▸ **Extracted entries**:
---+---

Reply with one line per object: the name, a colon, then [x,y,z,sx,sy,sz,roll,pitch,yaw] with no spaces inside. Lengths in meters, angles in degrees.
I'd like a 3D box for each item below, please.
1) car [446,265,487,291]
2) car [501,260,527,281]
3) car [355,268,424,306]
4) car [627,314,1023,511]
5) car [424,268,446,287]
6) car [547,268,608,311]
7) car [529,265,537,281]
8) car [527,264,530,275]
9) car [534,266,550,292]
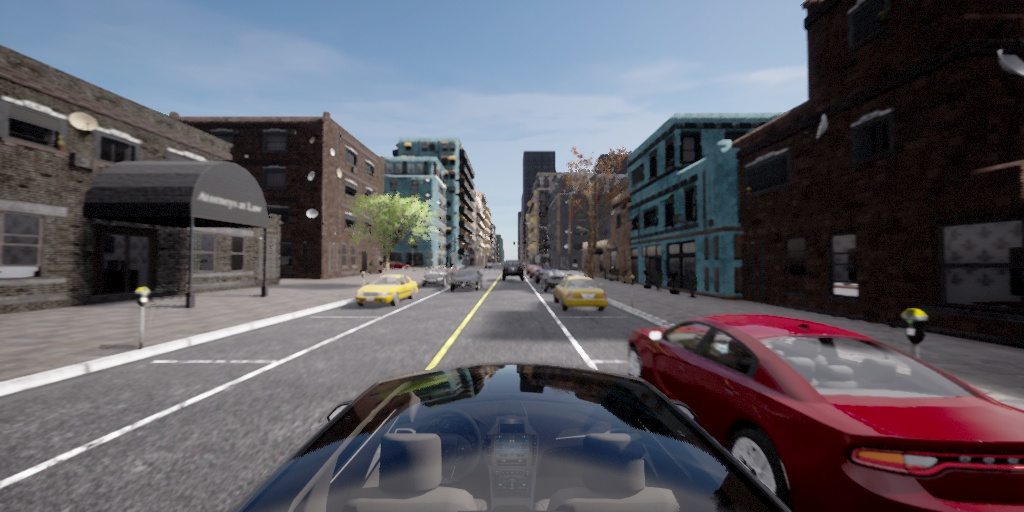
car: [-3.001,1.559,24.461,1.837,1.490,4.892,0,-1,0]
car: [0.098,1.406,36.749,2.150,2.045,5.566,0,-1,0]
car: [-5.759,1.464,16.909,1.751,1.417,4.829,0,0,0]
car: [2.698,1.324,4.061,1.888,1.381,4.507,0,0,0]
car: [-5.812,1.627,28.143,2.007,1.370,4.403,0,0,0]
car: [2.752,1.440,15.296,1.751,1.417,4.829,0,0,0]
car: [2.821,1.679,31.061,1.948,1.339,4.313,0,0,0]
car: [2.821,1.809,40.061,1.802,1.307,4.207,0,0,0]
car: [2.792,1.569,23.516,2.007,1.370,4.403,0,0,0]

---+---

▸ **Exercise objective**:
Reproduce exactly the lines that run from the line holding "4) car [627,314,1023,511]" through the final line of the entries, and omit every picture.

▸ **Exercise output**:
4) car [627,314,1023,511]
5) car [424,268,446,287]
6) car [547,268,608,311]
7) car [529,265,537,281]
8) car [527,264,530,275]
9) car [534,266,550,292]
car: [-3.001,1.559,24.461,1.837,1.490,4.892,0,-1,0]
car: [0.098,1.406,36.749,2.150,2.045,5.566,0,-1,0]
car: [-5.759,1.464,16.909,1.751,1.417,4.829,0,0,0]
car: [2.698,1.324,4.061,1.888,1.381,4.507,0,0,0]
car: [-5.812,1.627,28.143,2.007,1.370,4.403,0,0,0]
car: [2.752,1.440,15.296,1.751,1.417,4.829,0,0,0]
car: [2.821,1.679,31.061,1.948,1.339,4.313,0,0,0]
car: [2.821,1.809,40.061,1.802,1.307,4.207,0,0,0]
car: [2.792,1.569,23.516,2.007,1.370,4.403,0,0,0]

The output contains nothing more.